School isn’t just a building — it’s a community

By Erin Emerle

My timer just went off, alerting me that it is time to kick my sixth-grader off Google Docs because my kindergartener has a Zoom meeting with his class. The second-grader is posing her Flat Stanley on the stairs to get some staycation shoots for her project; Stanley is going to the “beach” (AKA bathtub) next. The third-grader is upside down on the couch but at least he is reading, so that’s something. Welcome to school during a pandemic!

Contributed
Lucy Emerle poses her “Flat Stanley” on the stairs as part of a class assignment for Lourdes Catholic School in Bettendorf.
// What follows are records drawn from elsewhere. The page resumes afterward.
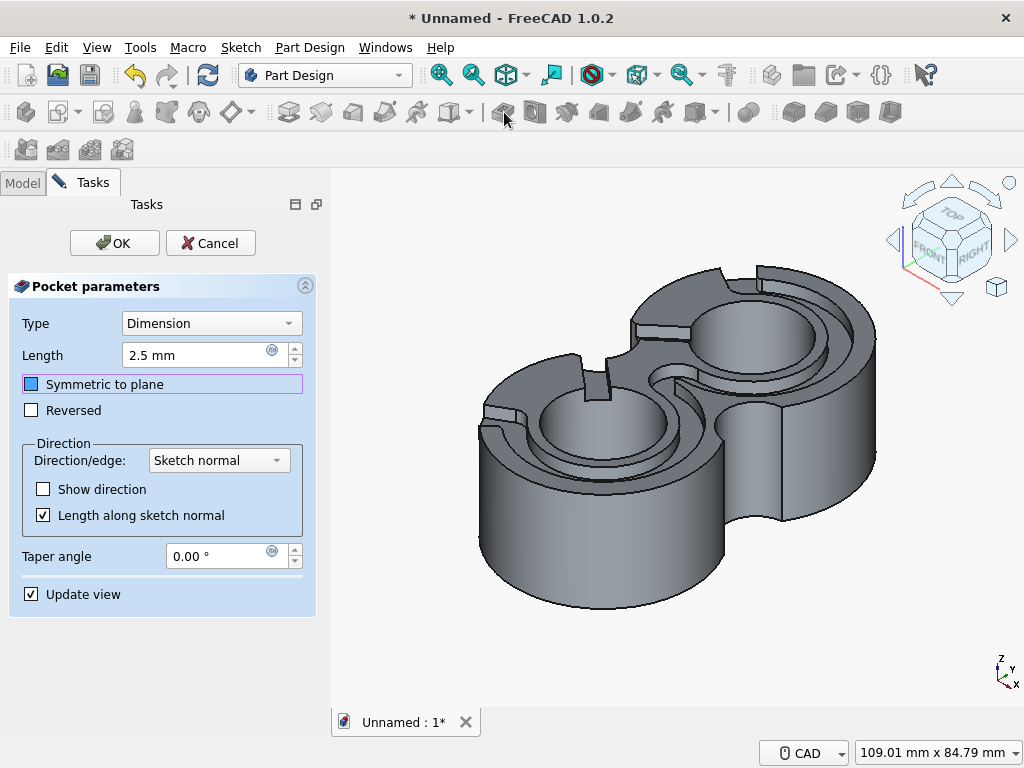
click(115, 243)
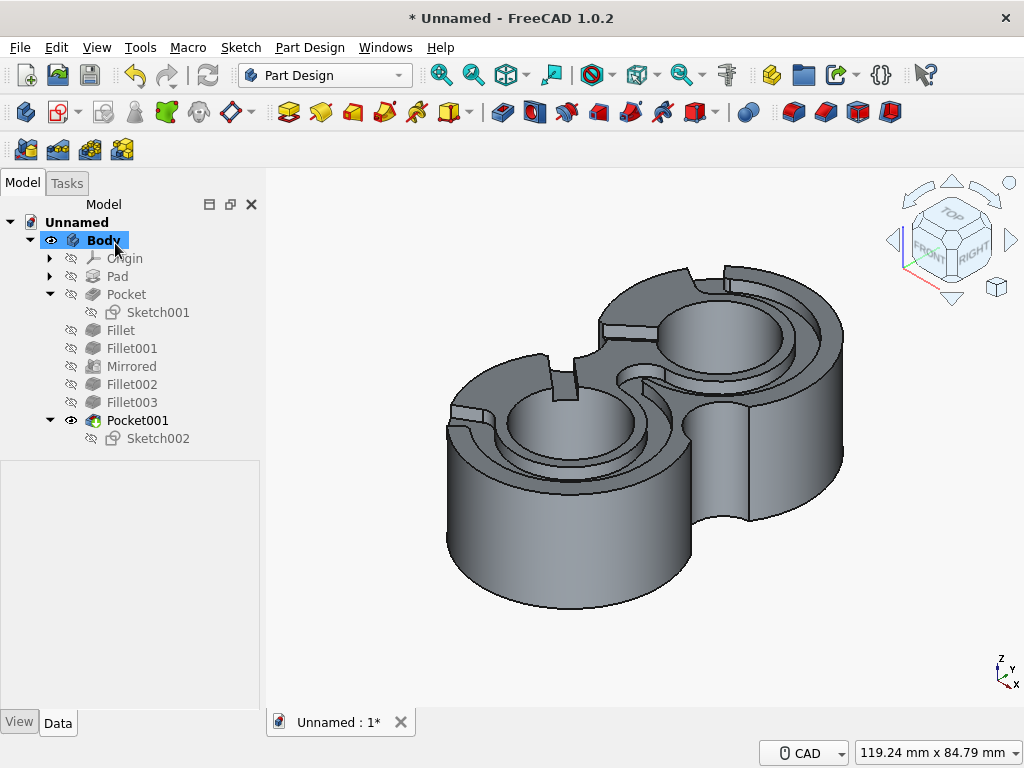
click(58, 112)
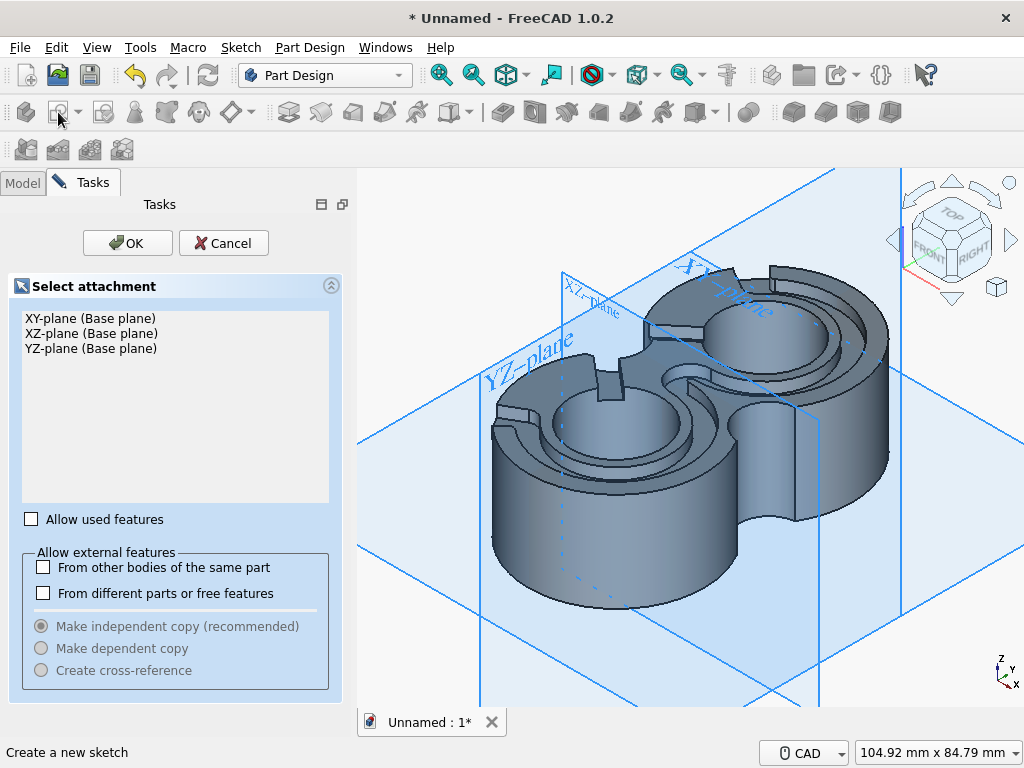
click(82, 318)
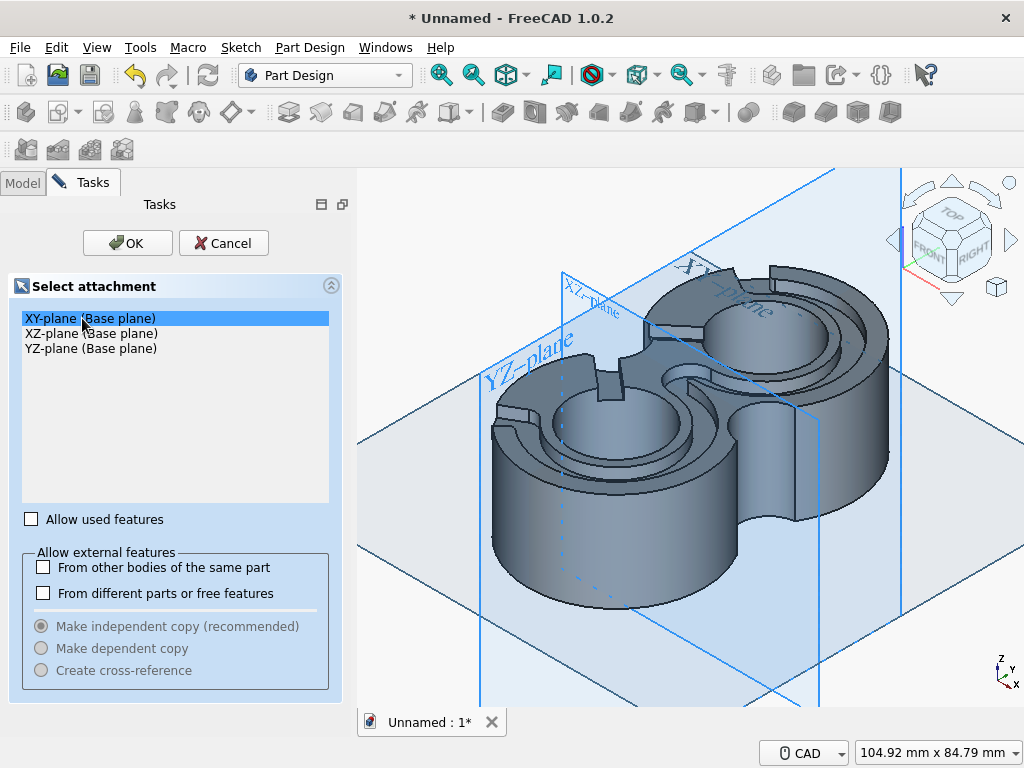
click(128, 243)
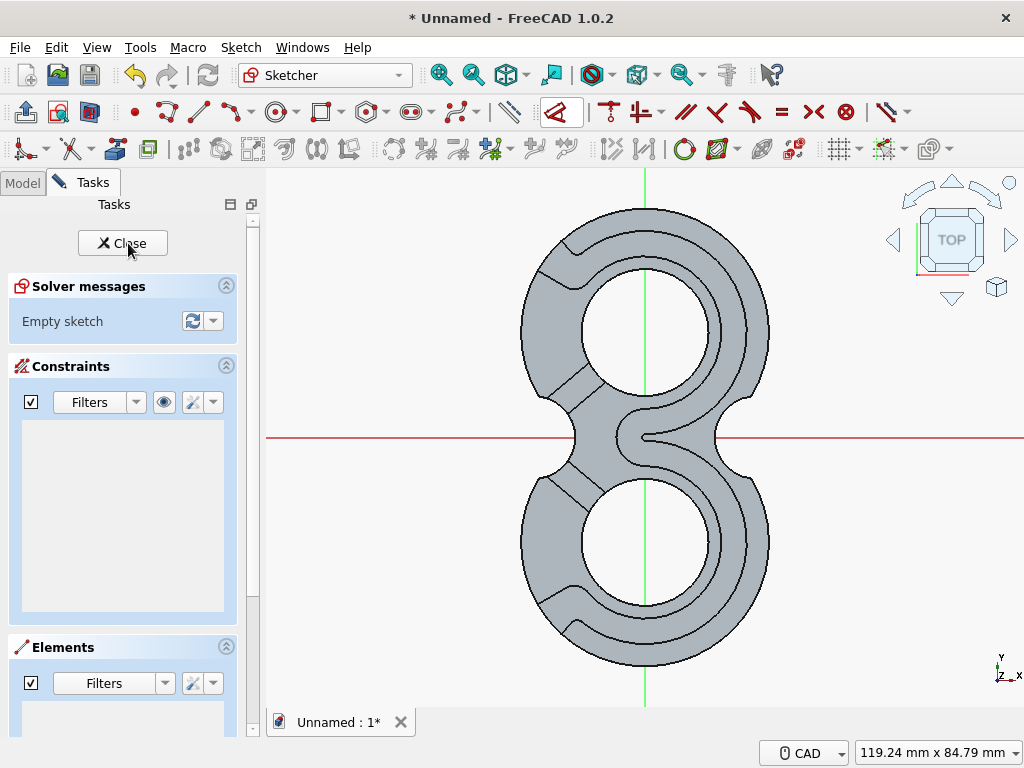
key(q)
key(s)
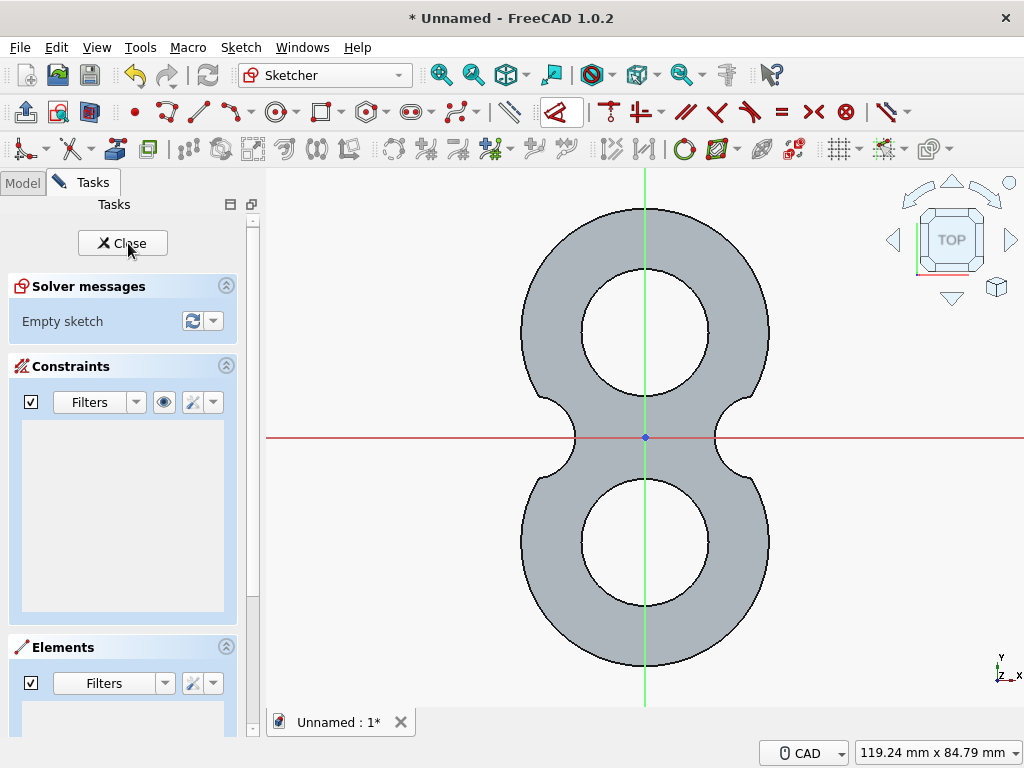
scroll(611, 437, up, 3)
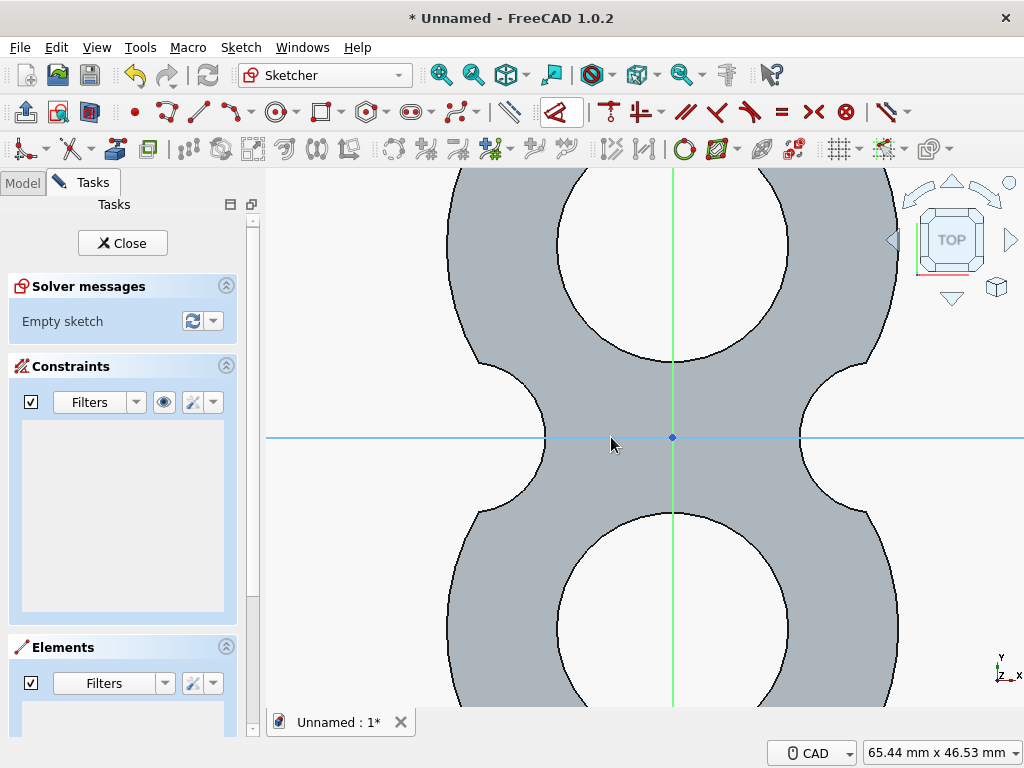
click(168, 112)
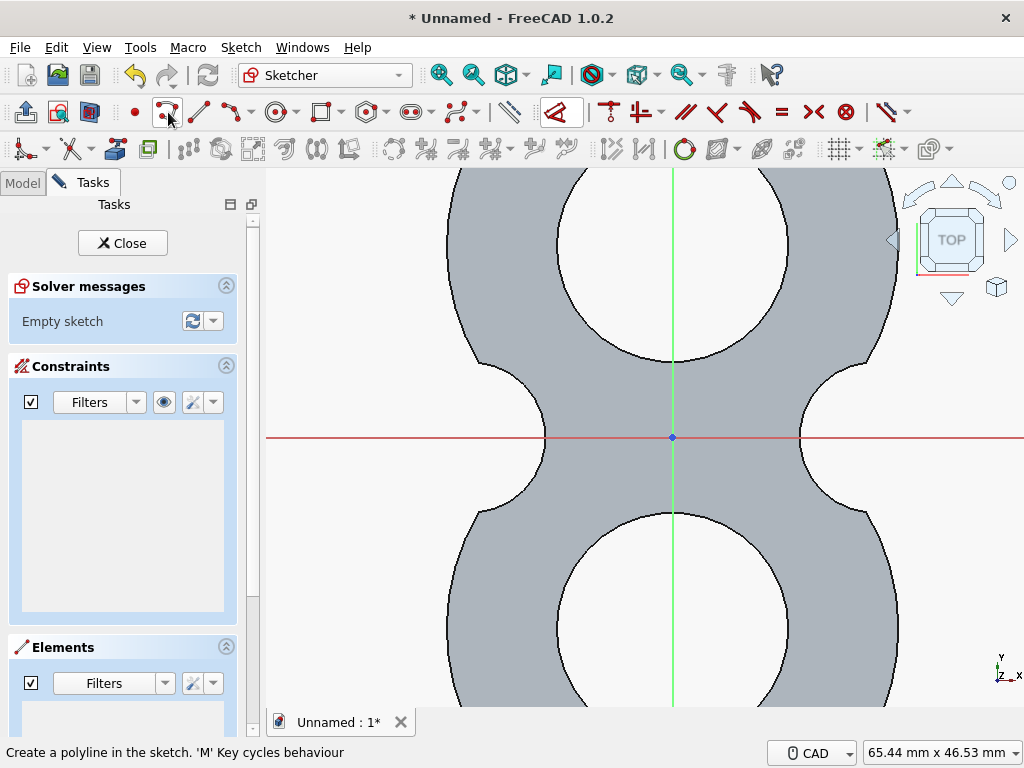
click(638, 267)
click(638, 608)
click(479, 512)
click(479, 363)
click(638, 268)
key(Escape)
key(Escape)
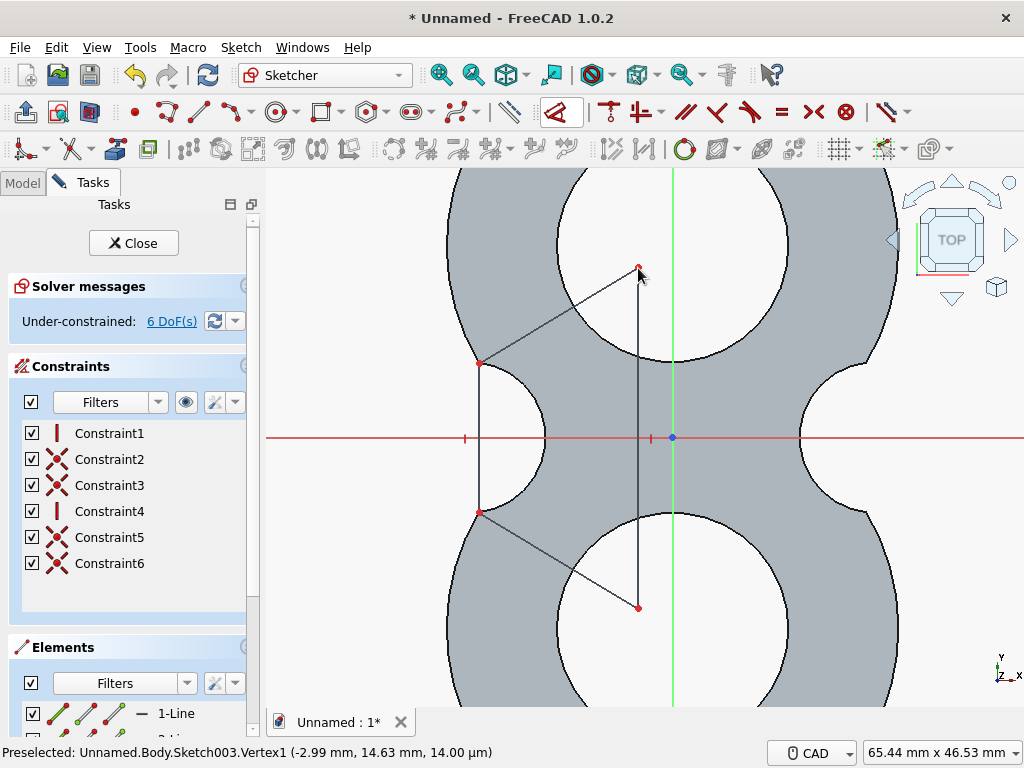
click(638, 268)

My children miss their bright and sunny school building (Lourdes Catholic School in Bettendorf). They miss hugging their teachers and recess with their friends. They miss chess club, band and school Mass on Tuesdays. They miss all the colorful bulletin boards of their classrooms and the new graphic novel section of the library. They miss the book fair. They miss science labs. They miss dance-offs in gym and tambourines in music. They miss Miss Beth’s wonderful lunches. They miss basketball, scouts and robotics. They miss Mr. Sonny’s gentle reminders to tie their shoes, and the little ones miss him showing them how. They miss the weekly rosary, cuddled up next to their prayer buddies in the safe hush of the church. They miss being line leaders and door holders and Scientist of the Week. They miss a lot of things.

They miss all these wonderful things and will be so happy to have them back whenever they are allowed to return to 1453 Mississippi Blvd., but, until then, they still have a school. They still attend Lourdes Catholic School because a school isn’t only a building. It is the community, and pandemic or not, no one building can house that. No building could house how quickly and lovingly their teachers transferred lesson plans to function at home. No building could house how carefully all necessary materials were packed up and dropped off on porches. No building could house all the giggly Zoom meetings, the thoughtful emails, the willingness to be available whenever it worked for the parents still working; the mailed sticker packets and researched resources; and the staff and teachers who did all of this while adjusting to their own children being at home and needing them more than ever.

No building could ever house how creative and compassionate the staff and teachers have been over these unsteady scary weeks, finding every option available to connect and comfort the children they care for. No building could ever house that, but a fabulous, faith-filled school could.

(Erin Emerle is the mom to sixth-grader Will, third-grader Sean, second-grader Lucy, kindergartner Matt and 2-year-old Molly. They are members of Our Lady of Lourdes Parish in Bettendorf.)